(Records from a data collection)
------------------------------------
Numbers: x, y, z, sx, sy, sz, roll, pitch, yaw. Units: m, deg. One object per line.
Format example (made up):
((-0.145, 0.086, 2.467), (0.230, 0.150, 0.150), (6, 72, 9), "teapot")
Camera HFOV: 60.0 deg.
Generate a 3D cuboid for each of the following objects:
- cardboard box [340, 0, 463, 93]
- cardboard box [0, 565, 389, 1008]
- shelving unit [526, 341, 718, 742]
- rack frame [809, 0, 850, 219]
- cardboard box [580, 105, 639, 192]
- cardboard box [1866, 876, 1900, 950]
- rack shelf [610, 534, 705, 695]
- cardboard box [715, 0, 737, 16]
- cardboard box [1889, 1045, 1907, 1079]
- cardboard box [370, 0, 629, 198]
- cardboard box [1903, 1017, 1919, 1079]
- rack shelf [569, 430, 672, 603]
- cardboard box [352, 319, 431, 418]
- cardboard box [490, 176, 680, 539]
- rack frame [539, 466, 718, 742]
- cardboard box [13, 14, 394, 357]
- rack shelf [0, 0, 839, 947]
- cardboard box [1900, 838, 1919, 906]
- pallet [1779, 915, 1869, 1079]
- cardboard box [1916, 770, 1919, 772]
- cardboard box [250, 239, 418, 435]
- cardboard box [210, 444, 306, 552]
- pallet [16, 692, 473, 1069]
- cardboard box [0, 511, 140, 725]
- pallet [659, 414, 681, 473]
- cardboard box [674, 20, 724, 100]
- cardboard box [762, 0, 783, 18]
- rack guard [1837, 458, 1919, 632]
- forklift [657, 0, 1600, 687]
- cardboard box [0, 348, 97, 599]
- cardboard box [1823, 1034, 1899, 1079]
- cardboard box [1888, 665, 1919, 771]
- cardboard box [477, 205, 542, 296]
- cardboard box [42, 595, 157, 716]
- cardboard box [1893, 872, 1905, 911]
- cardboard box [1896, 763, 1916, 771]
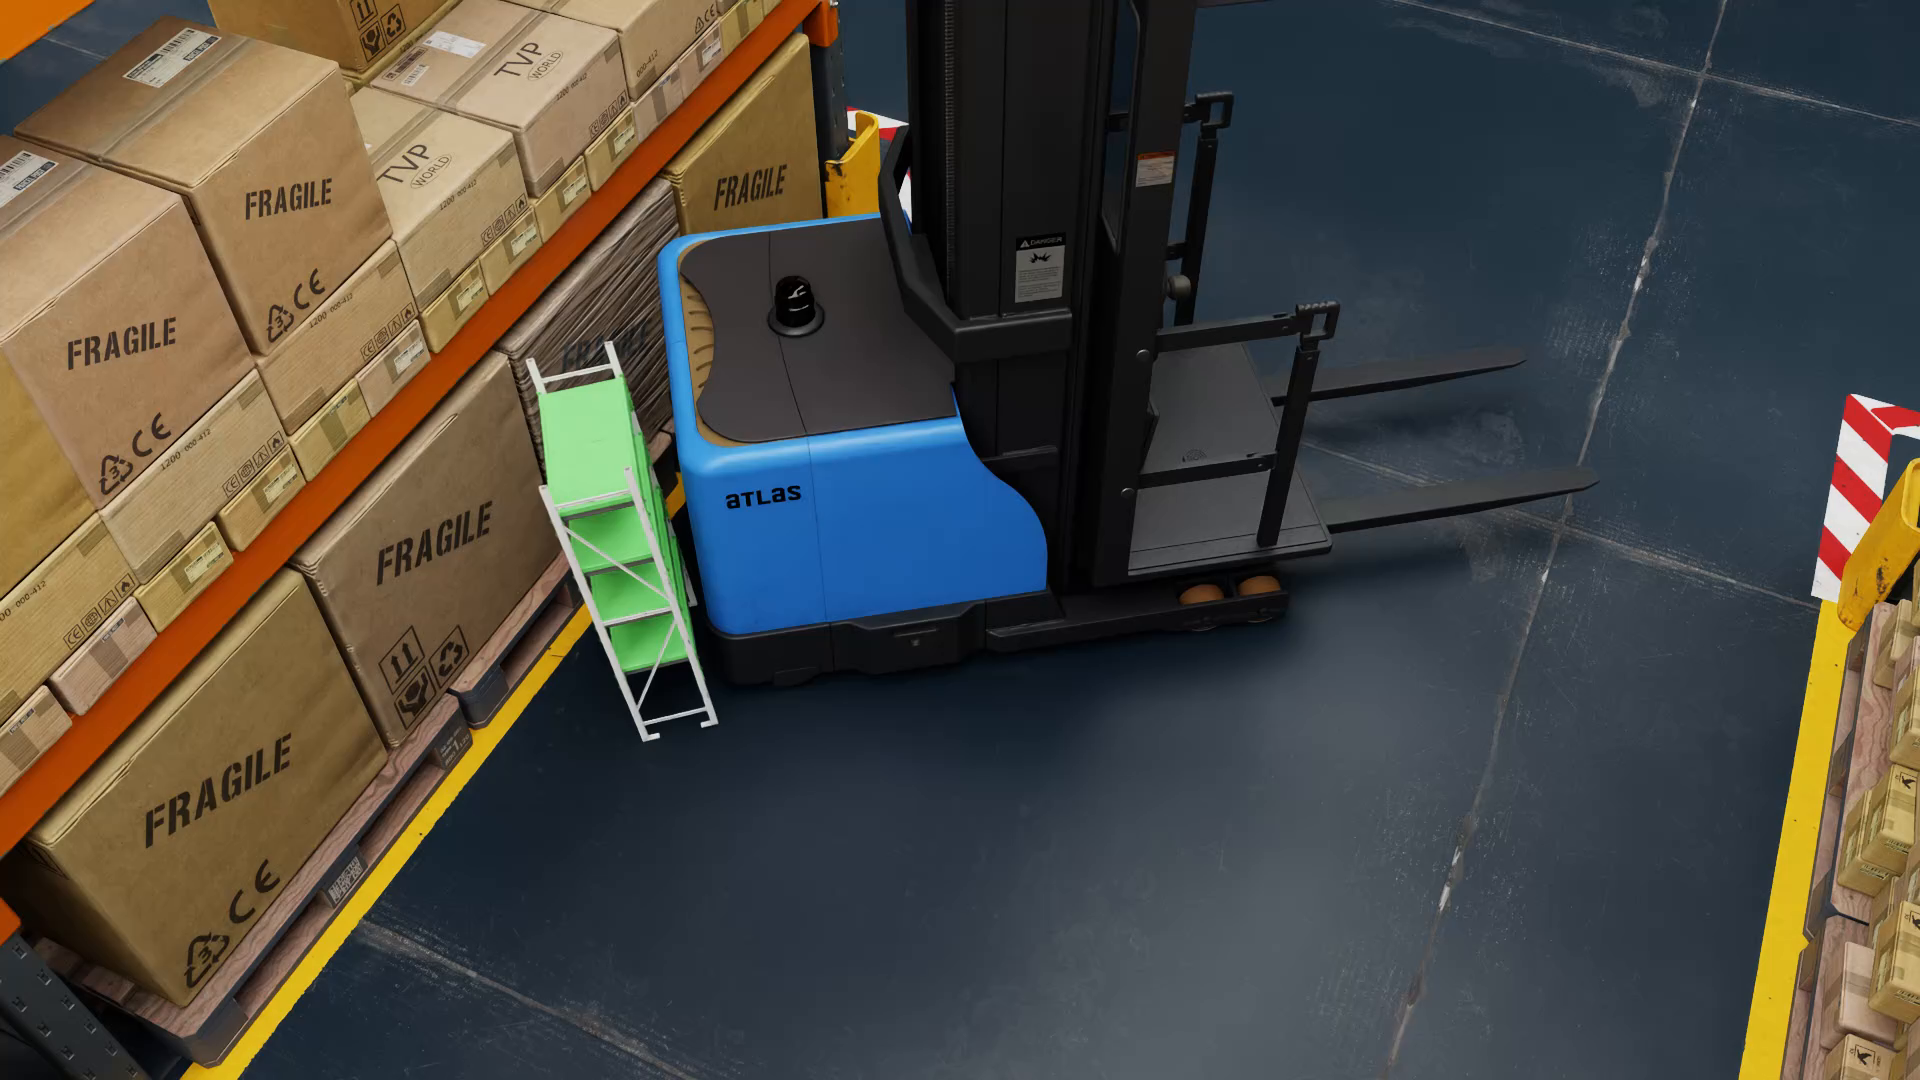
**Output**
((-1.791, -1.455, 4.921), (0.500, 0.250, 0.500), (18, 52, 15), "cardboard box")
((-2.262, 0.524, 4.454), (0.875, 0.875, 0.875), (20, 52, 16), "cardboard box")
((-0.981, 0.039, 4.917), (0.258, 1.200, 0.503), (-13, 51, -5), "shelving unit")
((-0.907, -2.355, 5.784), (1.000, 3.000, 0.127), (20, 52, 16), "rack frame")
((-1.197, -1.217, 4.981), (0.380, 0.149, 0.250), (19, 52, 15), "cardboard box")
((2.652, 1.100, 4.440), (0.380, 0.149, 0.250), (20, 52, 16), "cardboard box")
((-0.957, 0.231, 5.151), (0.258, 0.148, 0.480), (-13, 51, -5), "rack shelf")
((-0.874, -1.982, 5.370), (0.500, 0.250, 0.500), (19, 52, 16), "cardboard box")
((2.447, 1.403, 3.987), (0.380, 0.149, 0.250), (22, 53, 18), "cardboard box")
((-1.309, -1.283, 4.775), (0.500, 0.250, 0.500), (18, 52, 15), "cardboard box")
((2.438, 1.291, 3.887), (0.380, 0.149, 0.250), (20, 52, 16), "cardboard box")
((-0.994, -0.072, 4.781), (0.258, 0.148, 0.480), (-13, 51, -5), "rack shelf")
((-1.636, -0.507, 4.377), (0.380, 0.149, 0.250), (20, 53, 16), "cardboard box")
((-1.497, -0.709, 5.503), (0.875, 0.875, 0.875), (20, 52, 16), "cardboard box")
((-0.924, 0.220, 4.763), (0.240, 1.200, 0.015), (-13, 51, -5), "rack frame")
((-1.745, -0.834, 3.901), (0.500, 0.500, 0.500), (18, 52, 15), "cardboard box")
((-1.762, -0.744, 4.886), (1.077, 0.370, 4.000), (20, 52, 16), "rack shelf")
((2.612, 0.920, 4.203), (0.380, 0.149, 0.250), (22, 53, 17), "cardboard box")
((2.600, 1.670, 4.191), (1.003, 0.211, 1.213), (20, 52, 16), "pallet")
((2.885, 0.665, 4.615), (0.380, 0.149, 0.250), (20, 53, 17), "cardboard box")
((-1.746, -0.586, 4.182), (0.500, 0.250, 0.500), (21, 53, 17), "cardboard box")
((-1.854, -0.158, 4.080), (0.380, 0.149, 0.250), (18, 52, 15), "cardboard box")
((-2.221, 0.805, 4.926), (1.003, 0.211, 1.213), (20, 52, 16), "pallet")
((-2.179, 0.114, 3.587), (0.500, 0.250, 0.500), (19, 52, 15), "cardboard box")
((-1.178, -0.875, 6.356), (1.003, 0.211, 1.213), (20, 52, 16), "pallet")
((-0.980, -1.568, 5.280), (0.380, 0.149, 0.250), (20, 52, 16), "cardboard box")
((-0.762, -1.921, 5.580), (0.380, 0.149, 0.250), (21, 53, 17), "cardboard box")
((3.502, 0.191, 5.259), (1.175, 0.500, 0.348), (20, 52, 16), "rack guard")
((0.619, -1.039, 4.710), (3.031, 2.935, 1.130), (-8, 50, -7), "forklift")
((-2.180, -0.138, 3.308), (0.500, 0.500, 0.500), (20, 52, 16), "cardboard box")
((2.372, 1.443, 4.149), (0.380, 0.149, 0.250), (20, 52, 16), "cardboard box")
((2.770, 0.535, 4.531), (0.380, 0.149, 0.250), (20, 52, 16), "cardboard box")
((-1.415, -0.868, 4.684), (0.380, 0.149, 0.250), (21, 53, 17), "cardboard box")
((-2.077, 0.205, 3.771), (0.380, 0.149, 0.250), (18, 52, 15), "cardboard box")
((2.650, 1.020, 4.313), (0.380, 0.149, 0.250), (18, 52, 14), "cardboard box")
((2.883, 0.753, 4.736), (0.380, 0.149, 0.250), (20, 53, 16), "cardboard box")
------------------------------------
• _What the task requires_
Omit every picture while transcribing the records above exactly.

• _Exercise result_
Numbers: x, y, z, sx, sy, sz, roll, pitch, yaw. Units: m, deg. One object per line.
Format example (made up):
((-0.145, 0.086, 2.467), (0.230, 0.150, 0.150), (6, 72, 9), "teapot")
Camera HFOV: 60.0 deg.
Generate a 3D cuboid for each of the following objects:
- cardboard box [340, 0, 463, 93]
- cardboard box [0, 565, 389, 1008]
- shelving unit [526, 341, 718, 742]
- rack frame [809, 0, 850, 219]
- cardboard box [580, 105, 639, 192]
- cardboard box [1866, 876, 1900, 950]
- rack shelf [610, 534, 705, 695]
- cardboard box [715, 0, 737, 16]
- cardboard box [1889, 1045, 1907, 1079]
- cardboard box [370, 0, 629, 198]
- cardboard box [1903, 1017, 1919, 1079]
- rack shelf [569, 430, 672, 603]
- cardboard box [352, 319, 431, 418]
- cardboard box [490, 176, 680, 539]
- rack frame [539, 466, 718, 742]
- cardboard box [13, 14, 394, 357]
- rack shelf [0, 0, 839, 947]
- cardboard box [1900, 838, 1919, 906]
- pallet [1779, 915, 1869, 1079]
- cardboard box [1916, 770, 1919, 772]
- cardboard box [250, 239, 418, 435]
- cardboard box [210, 444, 306, 552]
- pallet [16, 692, 473, 1069]
- cardboard box [0, 511, 140, 725]
- pallet [659, 414, 681, 473]
- cardboard box [674, 20, 724, 100]
- cardboard box [762, 0, 783, 18]
- rack guard [1837, 458, 1919, 632]
- forklift [657, 0, 1600, 687]
- cardboard box [0, 348, 97, 599]
- cardboard box [1823, 1034, 1899, 1079]
- cardboard box [1888, 665, 1919, 771]
- cardboard box [477, 205, 542, 296]
- cardboard box [42, 595, 157, 716]
- cardboard box [1893, 872, 1905, 911]
- cardboard box [1896, 763, 1916, 771]
**Output**
((-1.791, -1.455, 4.921), (0.500, 0.250, 0.500), (18, 52, 15), "cardboard box")
((-2.262, 0.524, 4.454), (0.875, 0.875, 0.875), (20, 52, 16), "cardboard box")
((-0.981, 0.039, 4.917), (0.258, 1.200, 0.503), (-13, 51, -5), "shelving unit")
((-0.907, -2.355, 5.784), (1.000, 3.000, 0.127), (20, 52, 16), "rack frame")
((-1.197, -1.217, 4.981), (0.380, 0.149, 0.250), (19, 52, 15), "cardboard box")
((2.652, 1.100, 4.440), (0.380, 0.149, 0.250), (20, 52, 16), "cardboard box")
((-0.957, 0.231, 5.151), (0.258, 0.148, 0.480), (-13, 51, -5), "rack shelf")
((-0.874, -1.982, 5.370), (0.500, 0.250, 0.500), (19, 52, 16), "cardboard box")
((2.447, 1.403, 3.987), (0.380, 0.149, 0.250), (22, 53, 18), "cardboard box")
((-1.309, -1.283, 4.775), (0.500, 0.250, 0.500), (18, 52, 15), "cardboard box")
((2.438, 1.291, 3.887), (0.380, 0.149, 0.250), (20, 52, 16), "cardboard box")
((-0.994, -0.072, 4.781), (0.258, 0.148, 0.480), (-13, 51, -5), "rack shelf")
((-1.636, -0.507, 4.377), (0.380, 0.149, 0.250), (20, 53, 16), "cardboard box")
((-1.497, -0.709, 5.503), (0.875, 0.875, 0.875), (20, 52, 16), "cardboard box")
((-0.924, 0.220, 4.763), (0.240, 1.200, 0.015), (-13, 51, -5), "rack frame")
((-1.745, -0.834, 3.901), (0.500, 0.500, 0.500), (18, 52, 15), "cardboard box")
((-1.762, -0.744, 4.886), (1.077, 0.370, 4.000), (20, 52, 16), "rack shelf")
((2.612, 0.920, 4.203), (0.380, 0.149, 0.250), (22, 53, 17), "cardboard box")
((2.600, 1.670, 4.191), (1.003, 0.211, 1.213), (20, 52, 16), "pallet")
((2.885, 0.665, 4.615), (0.380, 0.149, 0.250), (20, 53, 17), "cardboard box")
((-1.746, -0.586, 4.182), (0.500, 0.250, 0.500), (21, 53, 17), "cardboard box")
((-1.854, -0.158, 4.080), (0.380, 0.149, 0.250), (18, 52, 15), "cardboard box")
((-2.221, 0.805, 4.926), (1.003, 0.211, 1.213), (20, 52, 16), "pallet")
((-2.179, 0.114, 3.587), (0.500, 0.250, 0.500), (19, 52, 15), "cardboard box")
((-1.178, -0.875, 6.356), (1.003, 0.211, 1.213), (20, 52, 16), "pallet")
((-0.980, -1.568, 5.280), (0.380, 0.149, 0.250), (20, 52, 16), "cardboard box")
((-0.762, -1.921, 5.580), (0.380, 0.149, 0.250), (21, 53, 17), "cardboard box")
((3.502, 0.191, 5.259), (1.175, 0.500, 0.348), (20, 52, 16), "rack guard")
((0.619, -1.039, 4.710), (3.031, 2.935, 1.130), (-8, 50, -7), "forklift")
((-2.180, -0.138, 3.308), (0.500, 0.500, 0.500), (20, 52, 16), "cardboard box")
((2.372, 1.443, 4.149), (0.380, 0.149, 0.250), (20, 52, 16), "cardboard box")
((2.770, 0.535, 4.531), (0.380, 0.149, 0.250), (20, 52, 16), "cardboard box")
((-1.415, -0.868, 4.684), (0.380, 0.149, 0.250), (21, 53, 17), "cardboard box")
((-2.077, 0.205, 3.771), (0.380, 0.149, 0.250), (18, 52, 15), "cardboard box")
((2.650, 1.020, 4.313), (0.380, 0.149, 0.250), (18, 52, 14), "cardboard box")
((2.883, 0.753, 4.736), (0.380, 0.149, 0.250), (20, 53, 16), "cardboard box")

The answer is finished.